Theodore Connoly, for the respondents.
Prior to the 2d of February, 1895, the relator occupied the position of assistant superintendent in the department of street cleaning in the city of New York. On that day he was dismissed from service by the then commissioner. Three years afterwards he applied to the Supreme Court for a mandamus to compel his reinstatement by the present commissioner in the position from which he was removed, his application being based upon the principal ground that he, being a veteran Union soldier of the war of the rebellion, was unlawfully discharged without having been accorded a hearing, and without any charges ever having been made against him. The relator's application was denied by the court below, and from the order entered upon that denial he now appeals.

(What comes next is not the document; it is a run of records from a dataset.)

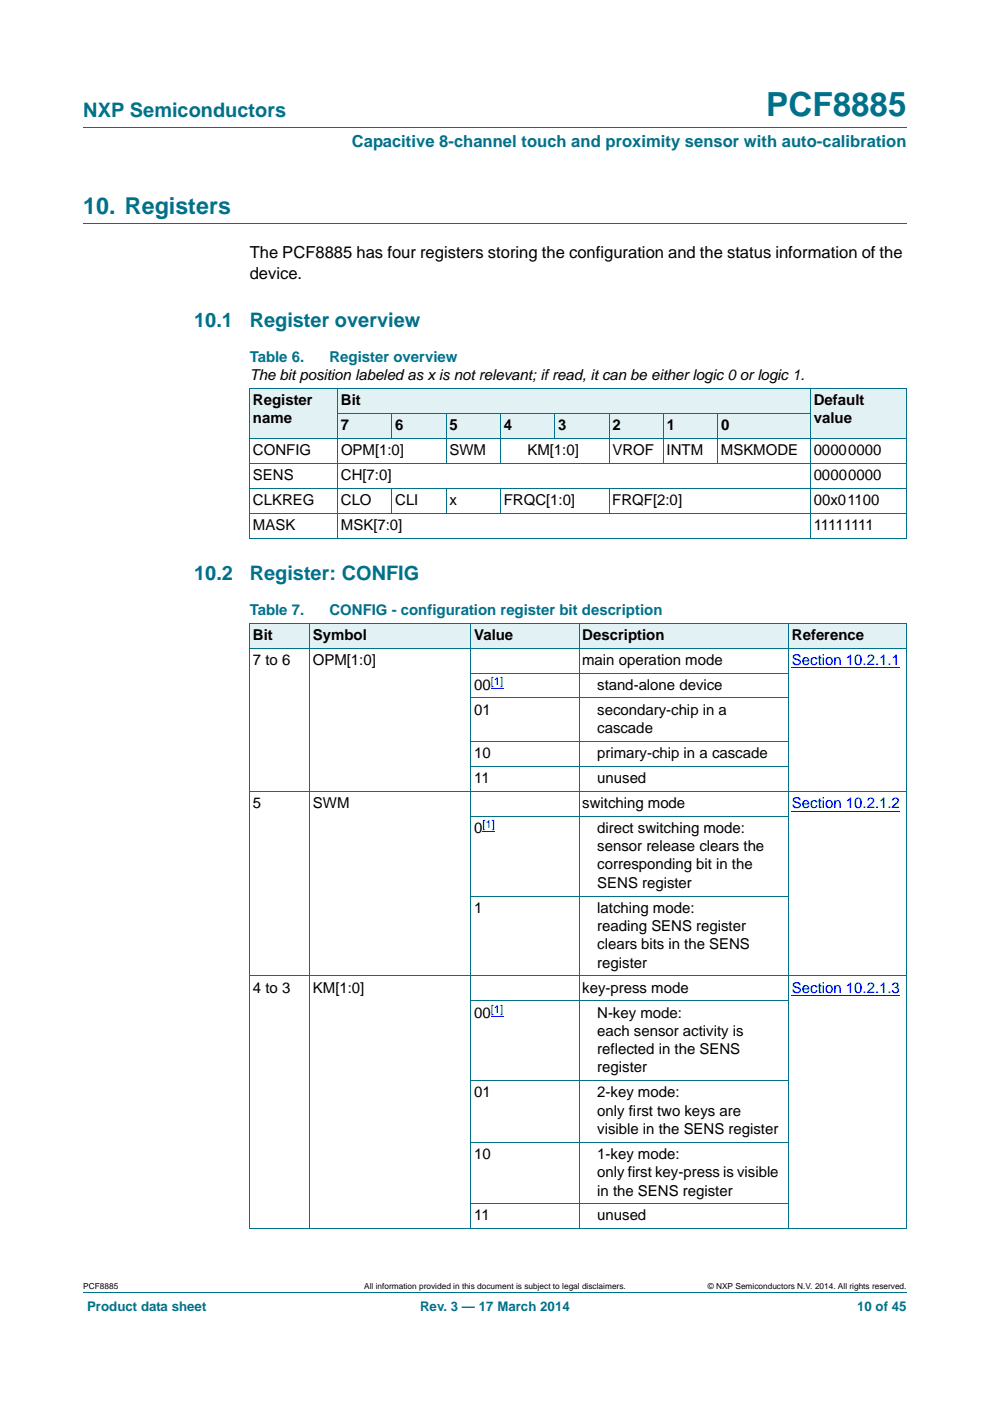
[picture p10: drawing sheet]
<svg xmlns="http://www.w3.org/2000/svg" width="210mm" height="297mm" viewBox="0 0 210 297" stroke-linecap="round" stroke-linejoin="round" font-family="sans-serif">
<defs><g id="words">
<text font-size="7" fill="#00718a" x="162.5" y="24.6">PCF8885</text>
<text font-size="4.9" fill="#00718a" x="17.7" y="45.4">10. Registers</text>
<g font-size="4.2" fill="#00718a">
<text x="17.7" y="24.9">NXP Semiconductors</text>
<text x="41.2" y="69.3">10.1</text>
<text x="53" y="69.3">Register overview</text>
<text x="41.2" y="122.9">10.2</text>
<text x="53" y="122.9">Register: CONFIG</text>
</g>
<text font-size="3.5" fill="#00718a" x="74.6" y="31.1">Capacitive 8-channel touch and proximity sensor with auto-calibration</text>
<g font-size="3.5">
<text x="53" y="54.7">The PCF8885 has four registers storing the configuration and the status information of the</text>
<text x="53" y="59.1">device.</text>
</g>
<g font-size="3.2" fill="#00718a">
<text x="53" y="76.7">Table 6.</text>
<text x="69.9" y="76.7">Register overview</text>
<text x="53" y="130.3">Table 7.</text>
<text x="69.9" y="130.3">CONFIG - configuration register bit description</text>
</g>
<g font-size="3.2">
<text x="53" y="80.6">The bit position labeled as x is not relevant; ifread, it can be either logic 0 or logic 1.</text>
<text x="53.7" y="85.9">Register</text>
<text x="53.7" y="89.8">name</text>
<text x="72.3" y="85.9">Bit</text>
<text x="172.6" y="85.9">Default</text>
<text x="172.6" y="89.8">value</text>
<text x="72.3" y="91.2">7</text>
<text x="83.8" y="91.2">6</text>
<text x="95.4" y="91.2">5</text>
<text x="106.9" y="91.2">4</text>
<text x="118.4" y="91.2">3</text>
<text x="129.9" y="91.2">2</text>
<text x="141.4" y="91.2">1</text>
<text x="152.9" y="91.2">0</text>
<text x="53.7" y="96.5">CONFIG</text>
<text x="53.7" y="101.8">SENS</text>
<text x="72.3" y="101.8">CH[7:0]</text>
<text x="72.3" y="96.5">OPM[1:0]</text>
<text x="95.3" y="96.5">SWM</text>
<text x="111.9" y="96.5">KM[1:0]</text>
<text x="129.9" y="96.5">VROF</text>
<text x="141.4" y="96.5">INTM</text>
<text x="152.9" y="96.5">MSKMODE</text>
<text x="172.6" y="101.8">00000000</text>
<text x="172.6" y="96.5">00000000</text>
<text x="53.7" y="107.1">CLKREG</text>
<text x="72.3" y="107.1">CLO</text>
<text x="83.8" y="107.1">CLI</text>
<text x="95.3" y="107.1">x</text>
<text x="106.9" y="107.1">FRQC[1:0]</text>
<text x="129.9" y="107.1">FRQF[2:0]</text>
<text x="172.6" y="107.1">00x01100</text>
<text x="53.7" y="112.4">MASK</text>
<text x="72.3" y="112.4">MSK[7:0]</text>
<text x="172.6" y="112.4">11111111</text>
<text x="53.7" y="135.6">Bit</text>
<text x="66.4" y="135.6">Symbol</text>
<text x="100.6" y="135.6">Value</text>
<text x="123.5" y="135.6">Description</text>
<text x="168" y="135.6">Reference</text>
<text x="53.7" y="140.9">7 to 6</text>
<text x="66.3" y="140.9">OPM[1:0]</text>
<text x="123.5" y="140.9">main operation mode</text>
<text x="100.6" y="146.2">00</text>
<text x="126.7" y="146.2">stand-alone device</text>
<text x="100.6" y="151.5">01</text>
<text x="126.7" y="155.4">cascade</text>
<text x="126.7" y="151.5">secondary-chip in a</text>
<text x="100.6" y="160.7">10</text>
<text x="126.7" y="160.7">primary-chip in a cascade</text>
<text x="100.6" y="166">11</text>
<text x="126.7" y="166">unused</text>
<text x="53.7" y="171.3">5</text>
<text x="66.4" y="171.3">SWM</text>
<text x="123.5" y="171.3">switching mode</text>
<text x="100.6" y="176.6">0</text>
<text x="126.7" y="176.6">direct switching mode:</text>
<text x="126.7" y="180.4">sensor release clears the</text>
<text x="126.7" y="184.3">corresponding bit in the</text>
<text x="126.7" y="188.2">SENS register</text>
<text x="100.6" y="193.5">1</text>
<text x="126.7" y="193.5">latching mode:</text>
<text x="126.7" y="197.4">reading SENS register</text>
<text x="126.7" y="201.3">clears bits in the SENS</text>
<text x="126.7" y="205.2">register</text>
<text x="53.7" y="210.4">4 to 3</text>
<text x="66.4" y="210.4">KM[1:0]</text>
<text x="100.6" y="215.7">00</text>
<text x="123.5" y="210.4">key-press mode</text>
<text x="126.7" y="215.7">N-key mode:</text>
<text x="126.7" y="219.6">each sensor activity is</text>
<text x="126.7" y="223.5">reflected in the SENS</text>
<text x="126.7" y="227.4">register</text>
<text x="100.6" y="232.7">01</text>
<text x="126.7" y="232.7">2-key mode:</text>
<text x="126.7" y="236.5">only first two keys are</text>
<text x="100.6" y="245.7">10</text>
<text x="126.7" y="240.4">visible in the SENS register</text>
<text x="126.7" y="245.7">1-key mode:</text>
<text x="126.7" y="249.6">only first key-press is visible</text>
<text x="126.7" y="253.5">in the SENS register</text>
<text x="100.6" y="258.8">11</text>
<text x="126.7" y="258.8">unused</text>
</g>
<g font-size="3.2" fill="#00f">
<text x="168" y="140.9">Section 10.2.1.1</text>
<text x="168" y="171.3">Section 10.2.1.2</text>
<text x="168" y="210.4">Section 10.2.1.3</text>
</g>
<g font-size="2.8" fill="#00718a">
<text x="18.5" y="277.9">Product data sheet</text>
<text x="89.1" y="277.9">Rev. 3 — 17 March 2014</text>
<text x="181.8" y="277.9">10 of 45</text>
</g>
<g font-size="2.4" fill="#00f">
<text x="104.1" y="145.3">[1]</text>
<text x="102.3" y="175.6">[1]</text>
<text x="104.1" y="214.8">[1]</text>
</g>
<g font-size="1.8">
<text x="17.7" y="273.3">PCF8885</text>
<text x="77.3" y="273.3">All information provided in this document is subject to legal disclaimers.</text>
<text x="150.1" y="273.3">© NXP Semiconductors N.V. 2014. All rights reserved.</text>
</g>
</g></defs>
<path d="M17.7 27h174.6M17.7 47.4h174.6M17.7 273.9h174.6" fill="none" stroke="#00718a" stroke-width=".21"/>
<g fill="#e2f1f4">
<path d="M53 82.4h18.6v10.5h-18.6z"/>
<path d="M71.6 82.4h100.3v5.3h-100.3z"/>
<path d="M171.9 82.4h20.4v10.5h-20.4z"/>
<path d="M71.6 87.7h11.5v5.2h-11.5z"/>
<path d="M83.1 87.7h11.5v5.2h-11.5z"/>
<path d="M94.6 87.7h11.6v5.2h-11.6z"/>
<path d="M106.2 87.7h11.5v5.2h-11.5z"/>
<path d="M117.7 87.7h11.5v5.2h-11.5z"/>
<path d="M129.2 87.7h11.5v5.2h-11.5z"/>
<path d="M140.7 87.7h11.5v5.2h-11.5z"/>
<path d="M152.2 87.7h19.7v5.2h-19.7z"/>
</g>
<g fill="none" stroke="#00718a" stroke-width=".21">
<path d="M52.9 82.4h139.4M52.9 93h139.4M52.9 98.2h139.4M53 82.4v31.7M71.6 87.7h100.3M71.6 82.3v31.9M83.1 87.6v5.4M94.6 87.6v10.7M106.2 87.6v10.7M117.7 87.6v5.4M129.2 87.6v10.7M140.7 87.6v10.7"/>
<path d="M152.2 87.6v10.7M171.9 82.3v31.9M192.3 82.4v31.7h-139.4M52.9 103.5h139.4M52.9 108.8h139.4M83.1 103.5v5.4M94.6 103.5v5.4M106.2 103.5v5.4M129.2 103.5v5.4"/>
</g>
<g fill="#e2f1f4">
<path d="M53 132.1h12.7v5.3h-12.7z"/>
<path d="M65.7 132.1h34.2v5.3h-34.2z"/>
<path d="M99.9 132.1h22.9v5.3h-22.9z"/>
<path d="M122.8 132.1h44.5v5.3h-44.5z"/>
<path d="M167.3 132.1h25v5.3h-25z"/>
</g>
<path d="M104.1 146h2.6M168 141.6h22.9M102.3 176.3h2.7M168 172h22.9M104.1 215.5h2.6M168 211.1h22.9" fill="none" stroke="#00f" stroke-width=".21"/>
<g fill="none" stroke="#00718a" stroke-width=".21">
<path d="M52.9 132.1h139.4M52.9 137.4h139.4M53 132.1v128.4M65.7 132.1v128.5M99.9 132.1v128.5M122.8 132.1v128.5M167.3 132.1v128.5M192.3 132.1v128.4h-139.4M99.8 142.7h67.5M99.8 148h67.5M99.8 157.2h67.5M52.9 167.8h139.4"/>
<path d="M99.8 162.5h67.5M99.8 173h67.5M99.8 190h67.5M52.9 206.9h139.4M99.8 212.2h67.5M99.8 229.1h67.5M99.8 242.2h67.5M99.8 255.2h67.5"/>
</g>
<use href="#words"/>
</svg>

It appeared that the relator is, and was at the time of his discharge by the street cleaning commissioner, a retired officer in the army of the United States. It is unnecessary to consider now whether a person occupying such a position comes within the protection of section 1 of chapter 119 of the Laws of 1888, relating to veteran soldiers. He was in the service of the street cleaning department of the city of New York. The provisions of the Veteran Act did not relate to that department of the government of the city of New York. It was so held in the case of The People ex rel. Lee v. Waring ( 1 App. Div. 594), and our decision in that case was affirmed by the Court of Appeals ( 149 N.Y. 621). The relator, therefore, cannot avail himself of the provisions of the statute under which he claims that his dismissal was irregular and unlawful. There is another reason why the relator was not entitled to the writ he applied for, and that is his gross and inexcusable negligence. He allowed three years to pass without making any application to the court for relief. We have heretofore decided that much less neglect will alone defeat a proceeding of this character, and we have refused to consider the merits of applications of this kind, where a petitioner has slept upon his supposed rights for any considerable time. The reason and the authority for so holding were stated in the case of The People ex rel. Young v. Collis ( 6 App. Div. 467), and need not be repeated here.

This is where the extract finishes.